▶ Exercise
As you look over the data below, please find each line where the word "oriented" appears, then copy it.

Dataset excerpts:
========================================

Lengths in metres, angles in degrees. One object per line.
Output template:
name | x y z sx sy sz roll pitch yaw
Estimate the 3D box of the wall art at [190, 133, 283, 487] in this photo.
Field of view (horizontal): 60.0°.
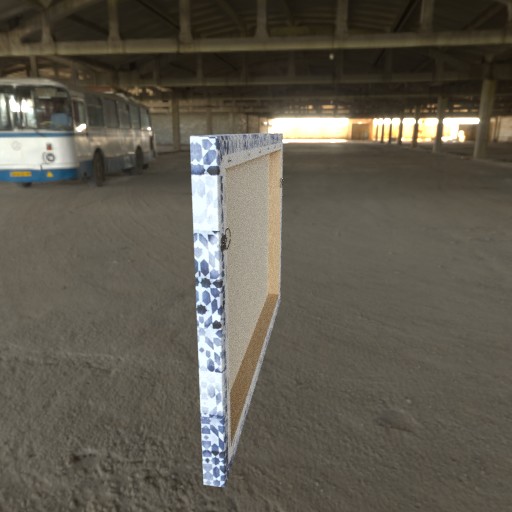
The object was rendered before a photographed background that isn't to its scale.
wall art | 0.000 0.000 0.764 0.030 0.406 0.608 3 16 9
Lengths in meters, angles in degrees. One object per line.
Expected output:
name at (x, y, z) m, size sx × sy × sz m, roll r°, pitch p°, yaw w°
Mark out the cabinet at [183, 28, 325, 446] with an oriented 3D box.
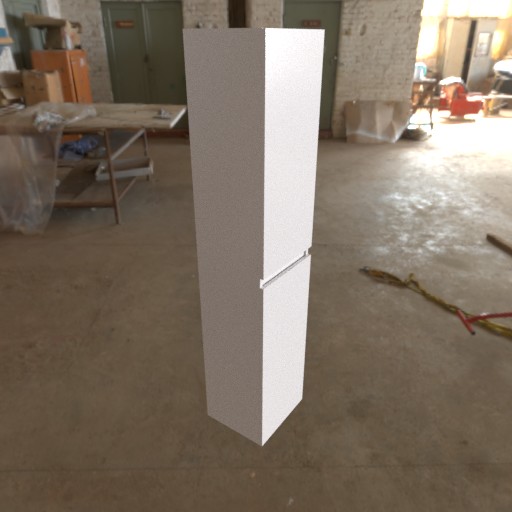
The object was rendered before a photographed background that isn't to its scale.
cabinet at (0.000, 0.000, 1.537) m, size 0.269 × 1.400 × 0.300 m, roll 17°, pitch 31°, yaw 31°
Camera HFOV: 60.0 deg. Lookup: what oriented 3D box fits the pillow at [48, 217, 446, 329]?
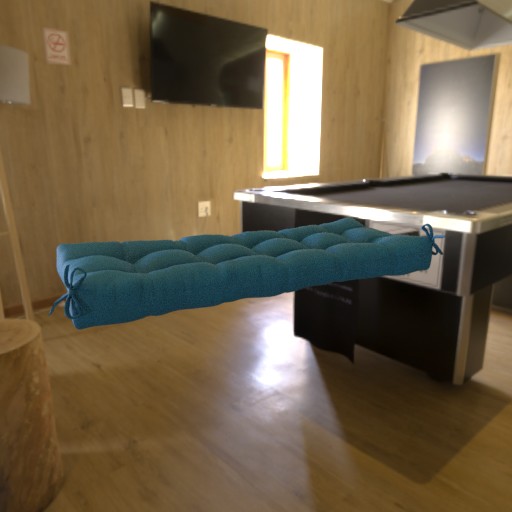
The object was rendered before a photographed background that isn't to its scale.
[{"bbox_3d":[0.000,0.000,1.374,1.194,0.174,0.511,-7,16,-26],"label":"pillow"}]
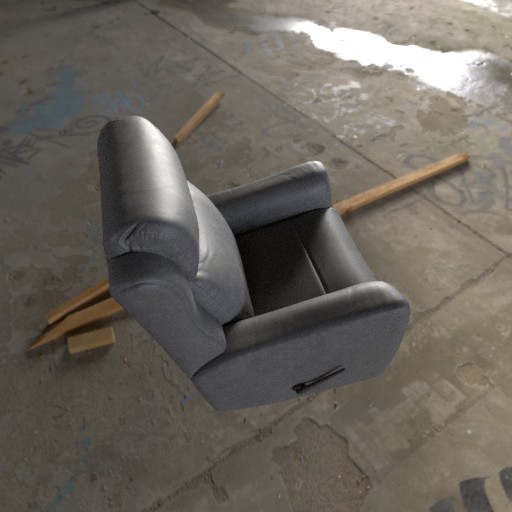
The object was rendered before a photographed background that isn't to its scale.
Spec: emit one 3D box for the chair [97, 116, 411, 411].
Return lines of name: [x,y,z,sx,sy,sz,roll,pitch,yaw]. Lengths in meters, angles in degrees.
chair: [0.000,0.000,1.890,1.068,1.116,0.967,-11,49,-10]

========================================

▶ Output for this task
Mark out the cabinet at [183, 28, 325, 446] with an oriented 3D box.
Camera HFOV: 60.0 deg. Lookup: what oriented 3D box fits the pillow at [48, 217, 446, 329]?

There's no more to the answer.